The court said Dawu Group and other defendants were given “corresponding penalties,” but didn’t provide details. Mr. Sun’s 19 fellow defendants were given jail sentences ranging from one to 12 years, while the company was ordered to pay the equivalent of more than $130 million in fines, restitution and refunds for money they were deemed to have raised illegally, their defense team said.

[…] Lawyers involved in the Dawu case have accused authorities of handling the prosecution with undue haste, saying they were given less than two weeks to read through about 350 sets of case files. In a statement issued Wednesday after the verdict, the lawyers said the case was handled at a speed that suggested that “this wasn’t a normal legal trial.”

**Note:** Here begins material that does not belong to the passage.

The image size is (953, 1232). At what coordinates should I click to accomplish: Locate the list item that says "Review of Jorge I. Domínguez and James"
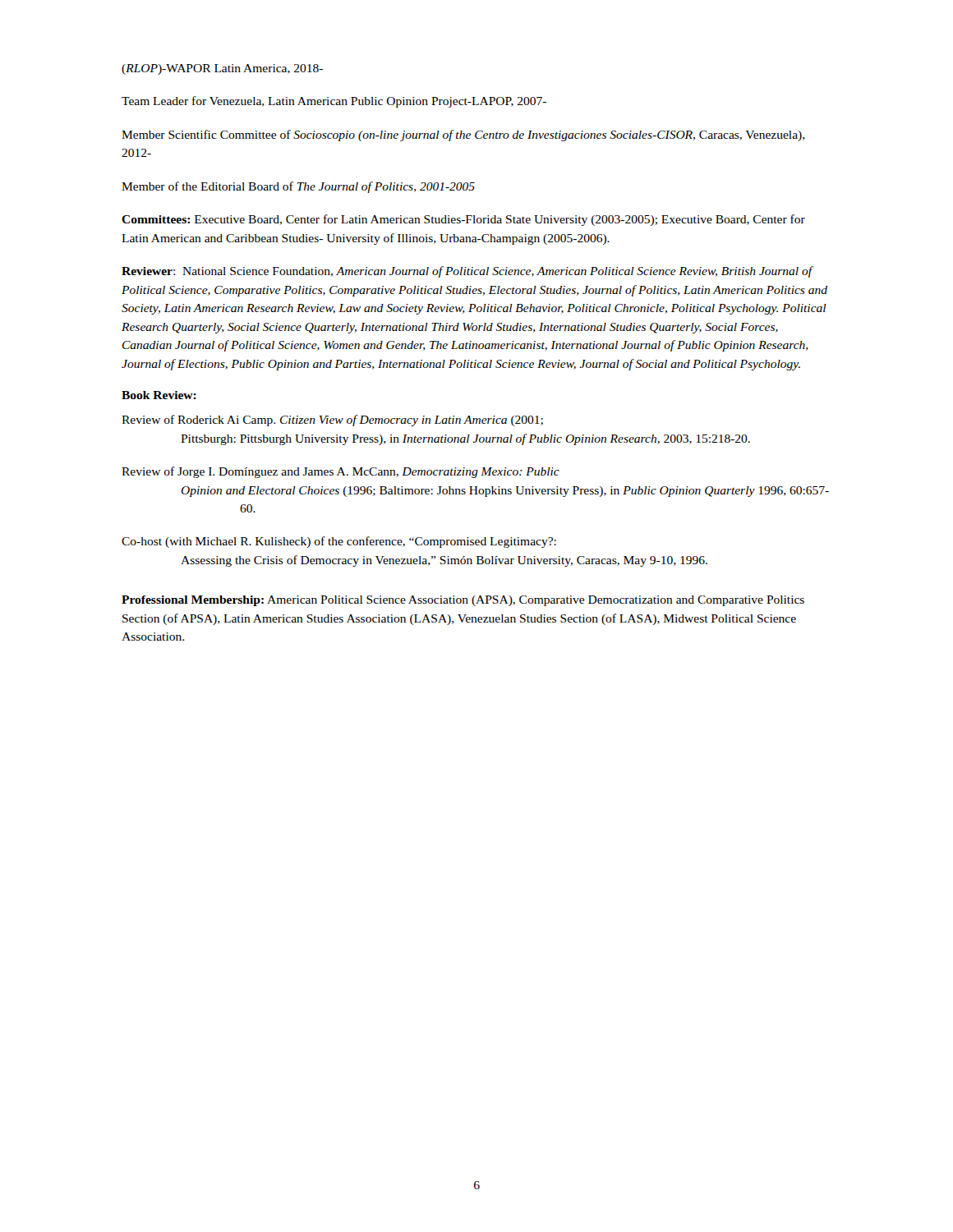tap(476, 491)

[…] Some of Mr. Sun’s supporters took to social media to voice dismay with the verdict. “His life is full of legend and struggle, and his circumstances are the common circumstances of Chinese private enterprises,” Zhao Xiangsong, a blogger, wrote on his verified Weibo social-media account. “How the rights of private enterprises can truly be protected is a matter that concerns the future and fate of this country.” [Source]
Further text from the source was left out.